When the biggest con that anyone ever said was sticks and stones may break my bones, but words will never hurt me.
Words hurt so much more than sticks and stones.
Words never go away, even when the body heals.
What a said to you never leaves you.
I tell you, that's more painful than a broken finger, a broken arm, because that gonna heal them words.

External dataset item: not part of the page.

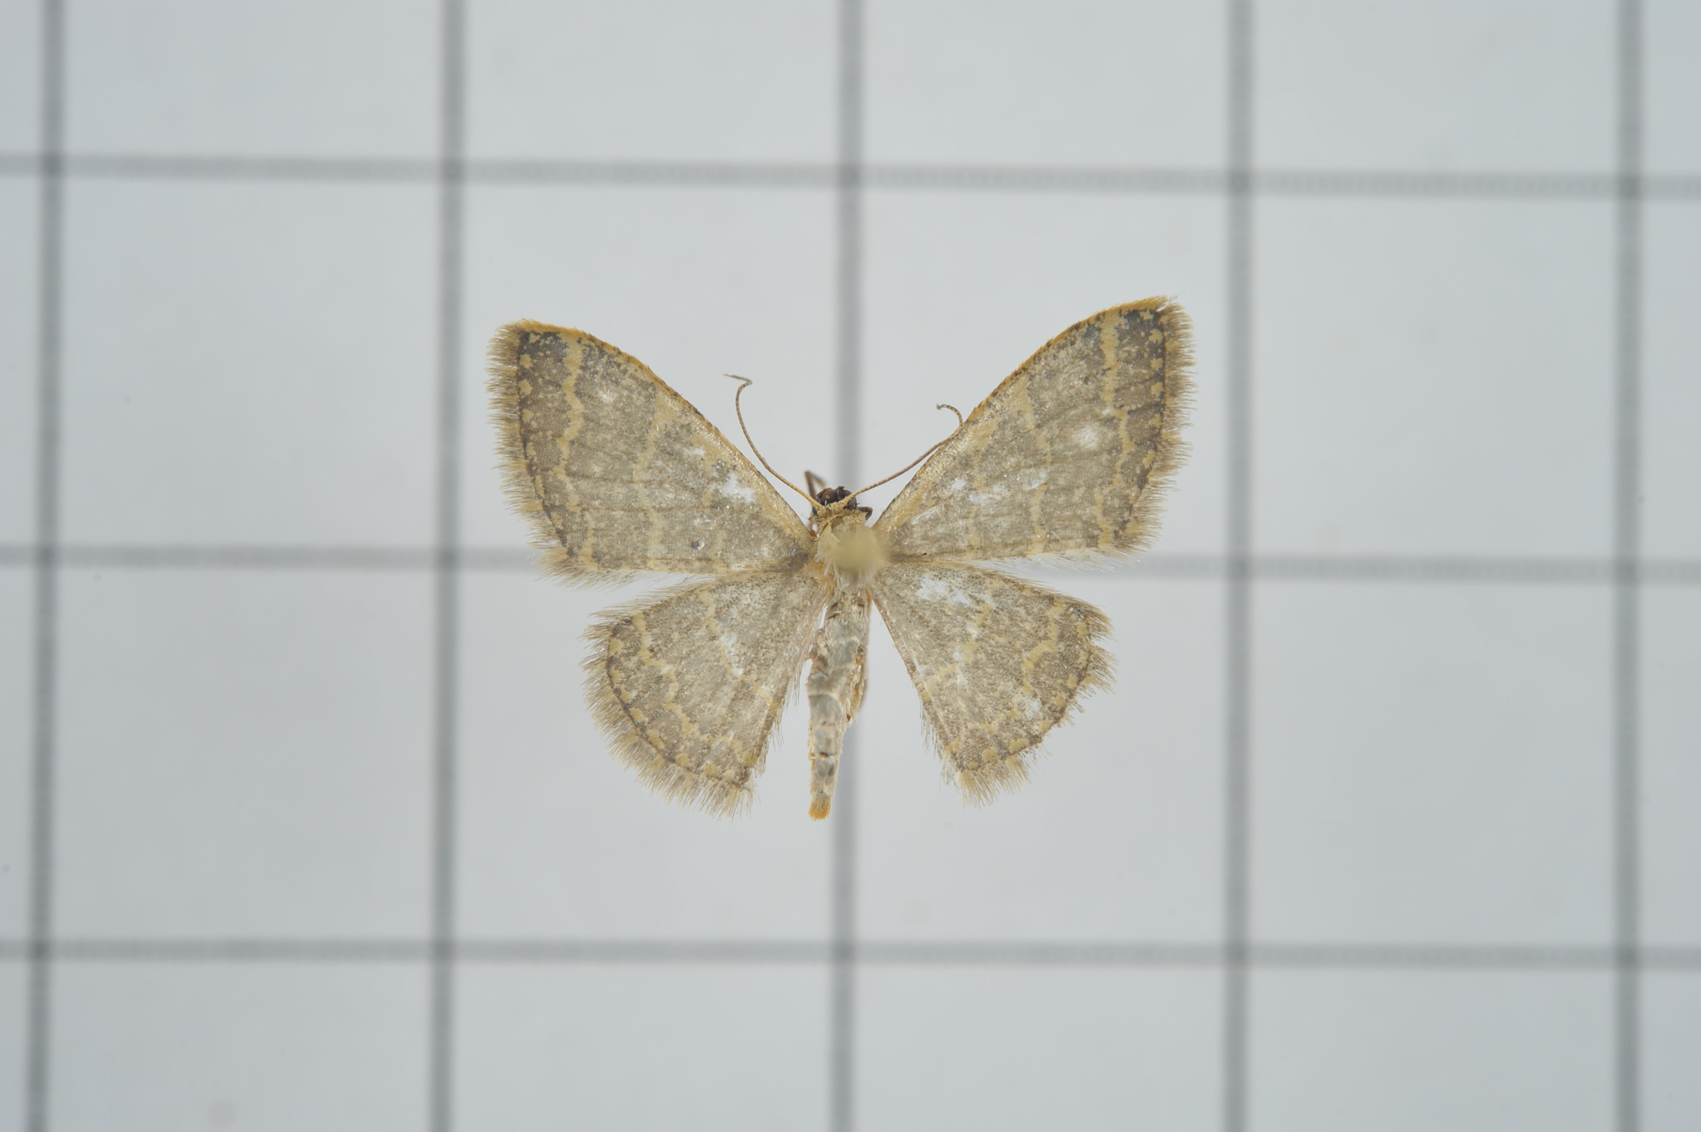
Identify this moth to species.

[00:09:53] Speaker A: And that's like I said, I dated some. Well, started to date somebody one time, and they told me that they weren't attracted to me physically and my body and pretty much my dad tell me, you know, I'm here. You know, I'm working on it still.
[00:10:10] Speaker B: I remember this story.
[00:10:11] Speaker A: Yeah. And it affected me in a way in which it made me look at myself in a way I had never looked at myself before.
So for the first time ever, I think I allowed what somebody said to affect me mentally in a sense where I went so hard to change my appearance.
[00:10:37] Speaker B: Yourself.
[00:10:37] Speaker A: To change my appearance.
But for what?
And that.
Because the reason why people can't stick to, I would say, weight loss goals or whatever is sometimes it's outwardly motivated.
[00:10:51] Speaker B: Yeah. It ain't for themselves. It has to be for you in order. In order for it to be consistent.
[00:10:56] Speaker A: Yeah.
[00:10:57] Speaker B: It has to be a change that you are ready to make and not Ready to make. Oh, somebody said this one of show them. Because you're going to show them and you're going to be right back to where you started.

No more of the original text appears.